In this repository you will find a reproduction of the Tuned Lens method described in the article Eliciting Latent Predictions from Transformers with the Tuned Lens, and some applications.

Structure of the repository

In the reproducing folder, you will find:

modules to reproduce the method of the article on the trivial addition task in the with_classes folder.
a notebook that does the same in a self-contained way in the self_contained folder.
a Tuned Lens folder which reproduces the method on a GPT-2 model.

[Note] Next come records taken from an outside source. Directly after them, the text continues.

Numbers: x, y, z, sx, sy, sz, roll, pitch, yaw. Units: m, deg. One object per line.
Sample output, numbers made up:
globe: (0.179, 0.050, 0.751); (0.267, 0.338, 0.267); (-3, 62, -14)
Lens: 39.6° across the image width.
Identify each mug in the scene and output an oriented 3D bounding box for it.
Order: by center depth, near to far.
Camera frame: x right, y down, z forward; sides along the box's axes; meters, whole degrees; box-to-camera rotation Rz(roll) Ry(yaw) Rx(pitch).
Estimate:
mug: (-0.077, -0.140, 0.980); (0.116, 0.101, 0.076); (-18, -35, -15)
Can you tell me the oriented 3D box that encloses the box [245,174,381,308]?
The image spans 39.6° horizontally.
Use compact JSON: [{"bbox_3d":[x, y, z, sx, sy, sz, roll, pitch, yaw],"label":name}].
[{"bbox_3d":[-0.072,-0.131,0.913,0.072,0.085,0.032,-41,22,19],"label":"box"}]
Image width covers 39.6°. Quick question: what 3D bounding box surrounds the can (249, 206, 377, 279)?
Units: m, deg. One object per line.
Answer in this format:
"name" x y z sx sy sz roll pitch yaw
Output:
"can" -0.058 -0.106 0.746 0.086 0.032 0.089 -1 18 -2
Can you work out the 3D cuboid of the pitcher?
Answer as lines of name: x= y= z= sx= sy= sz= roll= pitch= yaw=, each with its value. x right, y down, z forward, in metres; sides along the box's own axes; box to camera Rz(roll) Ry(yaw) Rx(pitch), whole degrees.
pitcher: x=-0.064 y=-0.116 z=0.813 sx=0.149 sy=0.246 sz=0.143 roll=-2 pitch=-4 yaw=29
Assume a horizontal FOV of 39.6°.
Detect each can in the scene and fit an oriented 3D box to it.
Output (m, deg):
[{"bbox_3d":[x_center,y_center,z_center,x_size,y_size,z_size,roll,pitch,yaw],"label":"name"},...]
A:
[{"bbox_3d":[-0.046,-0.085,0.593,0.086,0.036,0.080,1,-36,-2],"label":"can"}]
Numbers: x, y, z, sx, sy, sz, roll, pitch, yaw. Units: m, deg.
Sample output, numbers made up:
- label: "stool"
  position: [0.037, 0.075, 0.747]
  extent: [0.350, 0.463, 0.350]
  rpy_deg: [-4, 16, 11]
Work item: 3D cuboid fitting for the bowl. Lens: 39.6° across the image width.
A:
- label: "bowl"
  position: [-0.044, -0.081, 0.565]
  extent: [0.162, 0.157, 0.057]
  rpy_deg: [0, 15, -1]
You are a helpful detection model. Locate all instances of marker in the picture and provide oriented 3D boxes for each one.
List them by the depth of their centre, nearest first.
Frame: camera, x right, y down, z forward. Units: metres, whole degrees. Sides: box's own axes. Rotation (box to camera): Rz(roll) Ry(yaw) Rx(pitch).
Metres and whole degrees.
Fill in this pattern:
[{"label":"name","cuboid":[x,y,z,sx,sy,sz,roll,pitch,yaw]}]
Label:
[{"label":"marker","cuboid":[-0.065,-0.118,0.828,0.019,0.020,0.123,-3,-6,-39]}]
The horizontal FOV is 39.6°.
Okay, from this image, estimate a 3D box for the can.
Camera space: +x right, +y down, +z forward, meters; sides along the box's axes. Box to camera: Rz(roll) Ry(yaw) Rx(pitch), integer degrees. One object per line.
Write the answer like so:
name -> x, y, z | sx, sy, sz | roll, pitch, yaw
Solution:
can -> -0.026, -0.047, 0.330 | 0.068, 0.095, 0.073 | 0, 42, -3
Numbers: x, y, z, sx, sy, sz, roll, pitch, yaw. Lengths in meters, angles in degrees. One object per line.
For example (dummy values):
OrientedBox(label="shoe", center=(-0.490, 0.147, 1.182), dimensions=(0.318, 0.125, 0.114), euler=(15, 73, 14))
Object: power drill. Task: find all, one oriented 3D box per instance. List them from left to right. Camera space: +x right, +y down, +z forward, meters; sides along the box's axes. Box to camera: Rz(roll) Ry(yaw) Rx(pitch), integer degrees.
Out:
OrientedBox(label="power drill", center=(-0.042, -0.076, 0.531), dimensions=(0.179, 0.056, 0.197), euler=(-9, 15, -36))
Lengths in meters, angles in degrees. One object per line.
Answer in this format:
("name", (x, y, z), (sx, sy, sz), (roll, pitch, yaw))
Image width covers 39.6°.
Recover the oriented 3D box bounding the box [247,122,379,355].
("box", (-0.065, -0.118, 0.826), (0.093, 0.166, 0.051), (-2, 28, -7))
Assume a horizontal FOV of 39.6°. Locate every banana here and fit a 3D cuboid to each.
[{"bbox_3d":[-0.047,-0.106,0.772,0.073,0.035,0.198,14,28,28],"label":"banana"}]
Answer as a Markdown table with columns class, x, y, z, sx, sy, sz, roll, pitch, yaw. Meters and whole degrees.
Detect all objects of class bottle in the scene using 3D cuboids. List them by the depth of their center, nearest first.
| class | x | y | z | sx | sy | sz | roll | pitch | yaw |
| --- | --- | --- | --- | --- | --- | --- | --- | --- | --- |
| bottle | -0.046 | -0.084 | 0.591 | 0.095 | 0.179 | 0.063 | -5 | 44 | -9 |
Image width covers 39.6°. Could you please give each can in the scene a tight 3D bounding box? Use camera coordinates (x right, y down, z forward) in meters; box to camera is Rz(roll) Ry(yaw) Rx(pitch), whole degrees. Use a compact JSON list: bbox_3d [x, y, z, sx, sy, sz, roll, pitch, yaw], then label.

More detailed instructions are available in the readme.

In the experiments folder, you will find:

a Llama_thinks_eng.ipynb notebook appying the tuned lens to the translation setting to see if the model uses an English internal representation, as in the article Do Llamas Work in English? On the Latent Language of Multilingual Transformers.
a yes_no_llama3.ipynb notebook that attempts to see if the model uses intermediate layers to have a rough representation of what it will output and the last layers to format it, by playing the game "Yes, no, black, white" ("Ni oui, ni non" in French) with the LLM. To run this notebook in the experiments folder, you can install our debugged version of the tuned-lens library. First, clone the repository using: git clone https://github.com/boalong/mva-llms-tuned-lens.git Then, from the root of this cloned repository, do: pip install .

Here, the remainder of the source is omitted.